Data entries
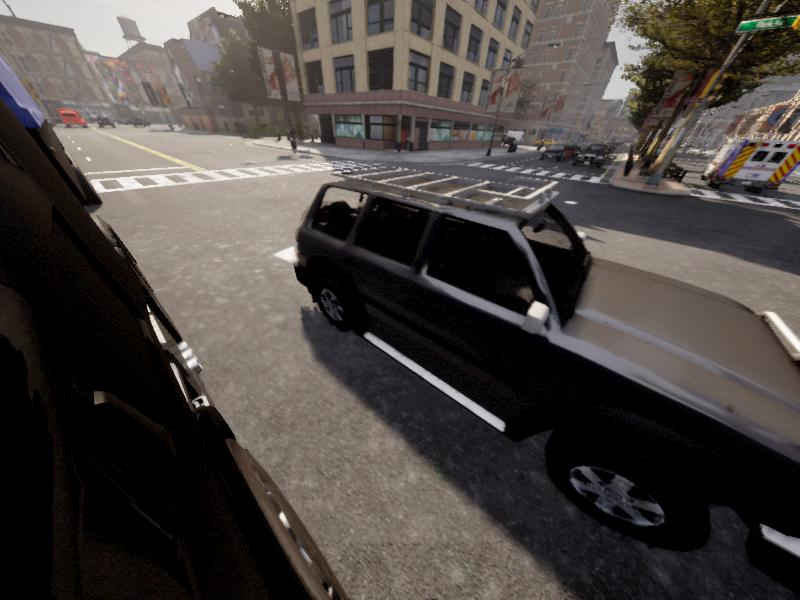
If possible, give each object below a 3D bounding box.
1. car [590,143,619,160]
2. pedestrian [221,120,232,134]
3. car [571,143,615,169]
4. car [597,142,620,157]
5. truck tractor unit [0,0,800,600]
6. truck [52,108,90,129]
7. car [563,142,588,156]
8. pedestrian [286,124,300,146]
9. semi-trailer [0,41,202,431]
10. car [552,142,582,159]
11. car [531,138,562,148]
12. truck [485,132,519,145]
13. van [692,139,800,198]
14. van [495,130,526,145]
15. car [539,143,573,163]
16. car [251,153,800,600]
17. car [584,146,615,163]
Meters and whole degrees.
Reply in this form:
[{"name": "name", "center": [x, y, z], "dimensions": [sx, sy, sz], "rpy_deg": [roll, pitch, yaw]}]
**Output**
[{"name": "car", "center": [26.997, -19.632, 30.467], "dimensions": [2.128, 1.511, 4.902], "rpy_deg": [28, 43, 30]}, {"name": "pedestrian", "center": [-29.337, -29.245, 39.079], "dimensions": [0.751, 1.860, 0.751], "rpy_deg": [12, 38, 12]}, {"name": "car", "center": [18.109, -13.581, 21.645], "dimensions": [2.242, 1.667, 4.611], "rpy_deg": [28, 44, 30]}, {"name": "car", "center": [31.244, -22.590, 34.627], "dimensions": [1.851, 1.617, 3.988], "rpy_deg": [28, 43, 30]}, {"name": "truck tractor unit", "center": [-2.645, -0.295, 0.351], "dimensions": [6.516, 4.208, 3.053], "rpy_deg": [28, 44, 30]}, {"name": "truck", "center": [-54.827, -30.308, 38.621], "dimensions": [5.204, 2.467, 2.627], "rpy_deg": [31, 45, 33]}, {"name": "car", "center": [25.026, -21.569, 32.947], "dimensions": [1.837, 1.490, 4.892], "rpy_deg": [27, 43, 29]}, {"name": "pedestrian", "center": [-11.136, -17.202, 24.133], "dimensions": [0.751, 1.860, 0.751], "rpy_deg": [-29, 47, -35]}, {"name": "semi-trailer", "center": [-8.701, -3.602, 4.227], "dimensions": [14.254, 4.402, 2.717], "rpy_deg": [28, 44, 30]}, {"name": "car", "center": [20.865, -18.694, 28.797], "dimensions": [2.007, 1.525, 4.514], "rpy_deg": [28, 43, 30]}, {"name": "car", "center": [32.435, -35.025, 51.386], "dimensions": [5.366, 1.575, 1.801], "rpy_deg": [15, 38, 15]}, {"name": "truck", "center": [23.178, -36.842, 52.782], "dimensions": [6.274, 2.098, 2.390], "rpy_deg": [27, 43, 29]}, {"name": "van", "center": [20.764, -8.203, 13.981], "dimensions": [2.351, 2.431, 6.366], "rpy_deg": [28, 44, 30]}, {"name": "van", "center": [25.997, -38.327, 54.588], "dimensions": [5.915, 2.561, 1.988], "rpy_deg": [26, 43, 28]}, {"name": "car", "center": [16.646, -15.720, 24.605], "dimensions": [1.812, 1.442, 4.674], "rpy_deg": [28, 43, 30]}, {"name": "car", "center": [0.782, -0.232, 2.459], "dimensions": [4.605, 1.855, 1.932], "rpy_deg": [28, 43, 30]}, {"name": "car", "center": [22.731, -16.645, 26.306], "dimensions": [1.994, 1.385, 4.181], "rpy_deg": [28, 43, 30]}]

...

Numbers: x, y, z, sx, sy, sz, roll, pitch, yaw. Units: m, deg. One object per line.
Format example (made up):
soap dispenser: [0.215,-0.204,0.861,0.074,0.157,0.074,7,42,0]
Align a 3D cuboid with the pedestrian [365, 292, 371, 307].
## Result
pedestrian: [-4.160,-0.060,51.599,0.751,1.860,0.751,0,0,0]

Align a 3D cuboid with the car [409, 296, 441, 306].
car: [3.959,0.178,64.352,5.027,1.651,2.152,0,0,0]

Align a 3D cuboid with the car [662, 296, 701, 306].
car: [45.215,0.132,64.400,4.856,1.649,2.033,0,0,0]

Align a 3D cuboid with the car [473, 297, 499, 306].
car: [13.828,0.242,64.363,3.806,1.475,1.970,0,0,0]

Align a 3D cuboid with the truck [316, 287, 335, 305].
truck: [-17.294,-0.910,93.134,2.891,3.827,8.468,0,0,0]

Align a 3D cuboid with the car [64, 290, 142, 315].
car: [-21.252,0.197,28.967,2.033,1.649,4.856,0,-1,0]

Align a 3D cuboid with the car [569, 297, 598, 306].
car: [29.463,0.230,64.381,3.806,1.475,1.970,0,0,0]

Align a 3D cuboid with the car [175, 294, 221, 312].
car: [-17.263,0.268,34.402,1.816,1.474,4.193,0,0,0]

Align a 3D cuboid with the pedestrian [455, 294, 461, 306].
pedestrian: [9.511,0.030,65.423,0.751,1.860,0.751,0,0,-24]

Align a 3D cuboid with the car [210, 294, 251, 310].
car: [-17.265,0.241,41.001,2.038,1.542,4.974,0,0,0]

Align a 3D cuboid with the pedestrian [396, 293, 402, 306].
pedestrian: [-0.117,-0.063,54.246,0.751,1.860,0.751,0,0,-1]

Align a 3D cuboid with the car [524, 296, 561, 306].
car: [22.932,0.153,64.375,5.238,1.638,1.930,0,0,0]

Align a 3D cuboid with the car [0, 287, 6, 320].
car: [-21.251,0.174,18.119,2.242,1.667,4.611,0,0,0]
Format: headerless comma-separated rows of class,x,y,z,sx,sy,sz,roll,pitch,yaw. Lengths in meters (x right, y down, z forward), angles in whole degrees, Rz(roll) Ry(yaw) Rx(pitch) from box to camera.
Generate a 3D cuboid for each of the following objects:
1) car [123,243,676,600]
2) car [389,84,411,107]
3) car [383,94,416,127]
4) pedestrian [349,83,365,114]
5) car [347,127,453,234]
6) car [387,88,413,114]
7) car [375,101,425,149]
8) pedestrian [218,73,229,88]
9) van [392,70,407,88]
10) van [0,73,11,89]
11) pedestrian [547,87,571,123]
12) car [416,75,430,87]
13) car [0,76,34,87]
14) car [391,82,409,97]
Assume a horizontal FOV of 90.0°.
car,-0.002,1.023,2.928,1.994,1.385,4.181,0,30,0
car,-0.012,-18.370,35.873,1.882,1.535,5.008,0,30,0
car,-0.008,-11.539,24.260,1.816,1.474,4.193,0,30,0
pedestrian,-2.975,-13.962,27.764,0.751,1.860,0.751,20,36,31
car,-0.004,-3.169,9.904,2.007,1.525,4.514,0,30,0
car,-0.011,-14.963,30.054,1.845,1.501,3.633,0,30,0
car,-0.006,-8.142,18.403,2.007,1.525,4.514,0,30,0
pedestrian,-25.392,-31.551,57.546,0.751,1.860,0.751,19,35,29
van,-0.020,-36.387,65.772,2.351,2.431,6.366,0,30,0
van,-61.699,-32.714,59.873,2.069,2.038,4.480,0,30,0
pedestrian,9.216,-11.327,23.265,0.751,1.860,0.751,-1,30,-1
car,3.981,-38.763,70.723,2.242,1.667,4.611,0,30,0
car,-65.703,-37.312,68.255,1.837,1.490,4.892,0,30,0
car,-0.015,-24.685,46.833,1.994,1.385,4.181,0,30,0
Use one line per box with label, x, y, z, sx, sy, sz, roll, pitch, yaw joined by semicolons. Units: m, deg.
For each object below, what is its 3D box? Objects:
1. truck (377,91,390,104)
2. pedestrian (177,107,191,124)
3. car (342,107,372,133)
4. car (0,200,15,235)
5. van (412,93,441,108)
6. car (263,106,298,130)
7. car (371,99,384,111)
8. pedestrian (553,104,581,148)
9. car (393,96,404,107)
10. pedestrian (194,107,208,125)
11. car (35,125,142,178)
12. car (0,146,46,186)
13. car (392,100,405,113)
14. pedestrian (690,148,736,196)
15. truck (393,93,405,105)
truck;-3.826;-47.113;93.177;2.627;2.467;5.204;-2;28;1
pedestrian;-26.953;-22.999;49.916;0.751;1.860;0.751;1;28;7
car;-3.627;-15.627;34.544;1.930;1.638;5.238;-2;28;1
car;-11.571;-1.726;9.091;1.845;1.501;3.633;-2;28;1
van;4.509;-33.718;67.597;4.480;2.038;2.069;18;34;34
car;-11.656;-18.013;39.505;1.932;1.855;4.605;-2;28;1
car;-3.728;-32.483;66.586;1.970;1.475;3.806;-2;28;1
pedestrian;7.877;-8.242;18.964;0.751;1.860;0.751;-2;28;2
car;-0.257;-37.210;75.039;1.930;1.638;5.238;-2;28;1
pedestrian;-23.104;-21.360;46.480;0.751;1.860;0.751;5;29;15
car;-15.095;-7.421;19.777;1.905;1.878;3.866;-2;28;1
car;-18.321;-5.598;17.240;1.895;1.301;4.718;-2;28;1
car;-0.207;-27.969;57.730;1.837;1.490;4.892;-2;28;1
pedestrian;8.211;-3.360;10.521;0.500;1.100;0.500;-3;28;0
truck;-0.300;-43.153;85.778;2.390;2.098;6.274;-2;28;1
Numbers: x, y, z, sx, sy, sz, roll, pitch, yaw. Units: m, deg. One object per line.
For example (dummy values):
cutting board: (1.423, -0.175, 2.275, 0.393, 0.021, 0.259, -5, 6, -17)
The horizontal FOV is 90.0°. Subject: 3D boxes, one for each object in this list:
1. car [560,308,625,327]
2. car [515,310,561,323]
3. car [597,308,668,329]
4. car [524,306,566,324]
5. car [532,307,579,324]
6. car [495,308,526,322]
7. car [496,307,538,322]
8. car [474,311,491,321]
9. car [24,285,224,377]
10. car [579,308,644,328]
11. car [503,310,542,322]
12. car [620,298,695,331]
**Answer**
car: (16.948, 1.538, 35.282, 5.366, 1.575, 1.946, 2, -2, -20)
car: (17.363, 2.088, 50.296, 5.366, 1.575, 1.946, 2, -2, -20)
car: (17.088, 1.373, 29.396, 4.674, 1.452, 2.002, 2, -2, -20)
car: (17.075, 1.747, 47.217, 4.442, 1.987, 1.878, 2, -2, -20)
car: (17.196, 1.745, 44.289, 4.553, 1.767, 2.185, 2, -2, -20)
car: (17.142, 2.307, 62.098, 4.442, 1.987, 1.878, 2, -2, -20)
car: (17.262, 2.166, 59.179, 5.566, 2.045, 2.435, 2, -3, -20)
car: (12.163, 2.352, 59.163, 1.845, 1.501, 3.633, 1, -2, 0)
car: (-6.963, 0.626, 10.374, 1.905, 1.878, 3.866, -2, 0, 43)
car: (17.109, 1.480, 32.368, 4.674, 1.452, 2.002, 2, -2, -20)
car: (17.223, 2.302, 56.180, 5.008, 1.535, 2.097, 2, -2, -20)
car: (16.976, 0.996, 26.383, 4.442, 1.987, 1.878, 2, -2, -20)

* * *

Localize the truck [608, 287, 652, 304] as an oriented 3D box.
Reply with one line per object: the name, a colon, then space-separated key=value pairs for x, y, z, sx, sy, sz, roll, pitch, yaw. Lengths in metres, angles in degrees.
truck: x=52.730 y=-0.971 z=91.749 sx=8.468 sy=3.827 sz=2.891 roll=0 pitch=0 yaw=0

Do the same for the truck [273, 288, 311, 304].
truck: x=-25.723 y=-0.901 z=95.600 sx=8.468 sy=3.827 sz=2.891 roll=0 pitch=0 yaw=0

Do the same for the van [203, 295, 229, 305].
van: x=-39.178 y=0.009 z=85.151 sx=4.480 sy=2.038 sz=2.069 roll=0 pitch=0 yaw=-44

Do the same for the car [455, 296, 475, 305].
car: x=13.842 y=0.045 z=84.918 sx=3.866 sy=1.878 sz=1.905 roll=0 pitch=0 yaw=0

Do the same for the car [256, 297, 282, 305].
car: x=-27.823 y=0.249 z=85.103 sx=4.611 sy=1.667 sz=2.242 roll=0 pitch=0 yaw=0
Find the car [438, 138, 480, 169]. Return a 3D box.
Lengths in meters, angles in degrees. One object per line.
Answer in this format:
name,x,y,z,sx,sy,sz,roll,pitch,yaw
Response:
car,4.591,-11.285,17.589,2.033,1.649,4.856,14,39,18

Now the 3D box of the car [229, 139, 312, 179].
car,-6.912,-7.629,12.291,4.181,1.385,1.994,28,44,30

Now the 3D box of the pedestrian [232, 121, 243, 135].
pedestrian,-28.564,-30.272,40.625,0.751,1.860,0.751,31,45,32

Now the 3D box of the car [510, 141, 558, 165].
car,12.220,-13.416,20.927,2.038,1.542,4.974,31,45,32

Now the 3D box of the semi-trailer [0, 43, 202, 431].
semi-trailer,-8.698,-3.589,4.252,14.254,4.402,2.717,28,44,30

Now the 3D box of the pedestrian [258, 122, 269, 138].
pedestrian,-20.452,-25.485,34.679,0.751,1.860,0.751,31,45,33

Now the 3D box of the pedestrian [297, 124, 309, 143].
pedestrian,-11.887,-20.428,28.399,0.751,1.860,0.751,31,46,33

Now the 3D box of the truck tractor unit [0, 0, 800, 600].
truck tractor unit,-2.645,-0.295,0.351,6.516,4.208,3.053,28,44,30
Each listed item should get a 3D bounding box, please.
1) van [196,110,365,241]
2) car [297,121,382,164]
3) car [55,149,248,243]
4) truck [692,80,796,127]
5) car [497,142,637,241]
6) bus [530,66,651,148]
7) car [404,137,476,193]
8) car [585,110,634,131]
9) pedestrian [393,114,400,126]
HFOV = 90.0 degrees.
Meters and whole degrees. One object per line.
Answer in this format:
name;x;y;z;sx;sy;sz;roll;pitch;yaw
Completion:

Activity: Both end lines included, restate word for word the lines above from the line with "3. car (342,107,372,133)" to the line with "14. pedestrian (690,148,736,196)", and nothing else.

Answer space:
3. car (342,107,372,133)
4. car (0,200,15,235)
5. van (412,93,441,108)
6. car (263,106,298,130)
7. car (371,99,384,111)
8. pedestrian (553,104,581,148)
9. car (393,96,404,107)
10. pedestrian (194,107,208,125)
11. car (35,125,142,178)
12. car (0,146,46,186)
13. car (392,100,405,113)
14. pedestrian (690,148,736,196)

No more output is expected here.